-- Opening Marker --

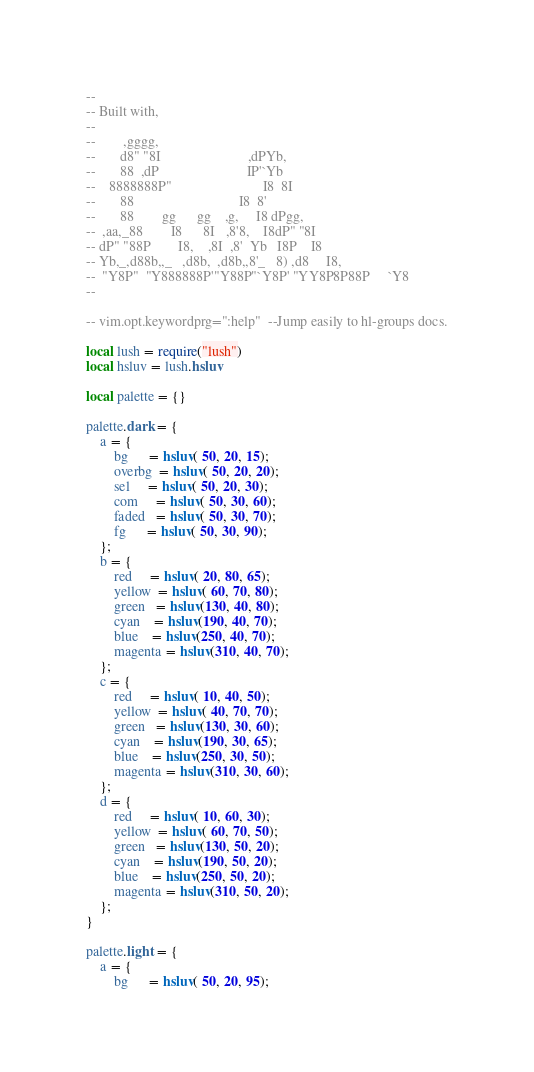Convert code to text. <code><loc_0><loc_0><loc_500><loc_500><_Lua_>--
-- Built with,
--
--        ,gggg,
--       d8" "8I                         ,dPYb,
--       88  ,dP                         IP'`Yb
--    8888888P"                          I8  8I
--       88                              I8  8'
--       88        gg      gg    ,g,     I8 dPgg,
--  ,aa,_88        I8      8I   ,8'8,    I8dP" "8I
-- dP" "88P        I8,    ,8I  ,8'  Yb   I8P    I8
-- Yb,_,d88b,,_   ,d8b,  ,d8b,,8'_   8) ,d8     I8,
--  "Y8P"  "Y888888P'"Y88P"`Y8P' "YY8P8P88P     `Y8
--

-- vim.opt.keywordprg=":help"  --Jump easily to hl-groups docs.

local lush = require("lush")
local hsluv = lush.hsluv

local palette = {}

palette.dark = {
    a = {
        bg      = hsluv( 50, 20, 15);
        overbg  = hsluv( 50, 20, 20);
        sel     = hsluv( 50, 20, 30);
        com     = hsluv( 50, 30, 60);
        faded   = hsluv( 50, 30, 70);
        fg      = hsluv( 50, 30, 90);
    };
    b = {
        red     = hsluv( 20, 80, 65);
        yellow  = hsluv( 60, 70, 80);
        green   = hsluv(130, 40, 80);
        cyan    = hsluv(190, 40, 70);
        blue    = hsluv(250, 40, 70);
        magenta = hsluv(310, 40, 70);
    };
    c = {
        red     = hsluv( 10, 40, 50);
        yellow  = hsluv( 40, 70, 70);
        green   = hsluv(130, 30, 60);
        cyan    = hsluv(190, 30, 65);
        blue    = hsluv(250, 30, 50);
        magenta = hsluv(310, 30, 60);
    };
    d = {
        red     = hsluv( 10, 60, 30);
        yellow  = hsluv( 60, 70, 50);
        green   = hsluv(130, 50, 20);
        cyan    = hsluv(190, 50, 20);
        blue    = hsluv(250, 50, 20);
        magenta = hsluv(310, 50, 20);
    };
}

palette.light = {
    a = {
        bg      = hsluv( 50, 20, 95);</code>

-- Closing Marker --

(ASSIGNED TASK)
Please transcribe exactly the lines above from the line that has "10, 40, 50);" up to and including the line that has "hsluv(190, 50, 20);"; no other line belongs in the answer.

(ANSWER SPACE)
        red     = hsluv( 10, 40, 50);
        yellow  = hsluv( 40, 70, 70);
        green   = hsluv(130, 30, 60);
        cyan    = hsluv(190, 30, 65);
        blue    = hsluv(250, 30, 50);
        magenta = hsluv(310, 30, 60);
    };
    d = {
        red     = hsluv( 10, 60, 30);
        yellow  = hsluv( 60, 70, 50);
        green   = hsluv(130, 50, 20);
        cyan    = hsluv(190, 50, 20);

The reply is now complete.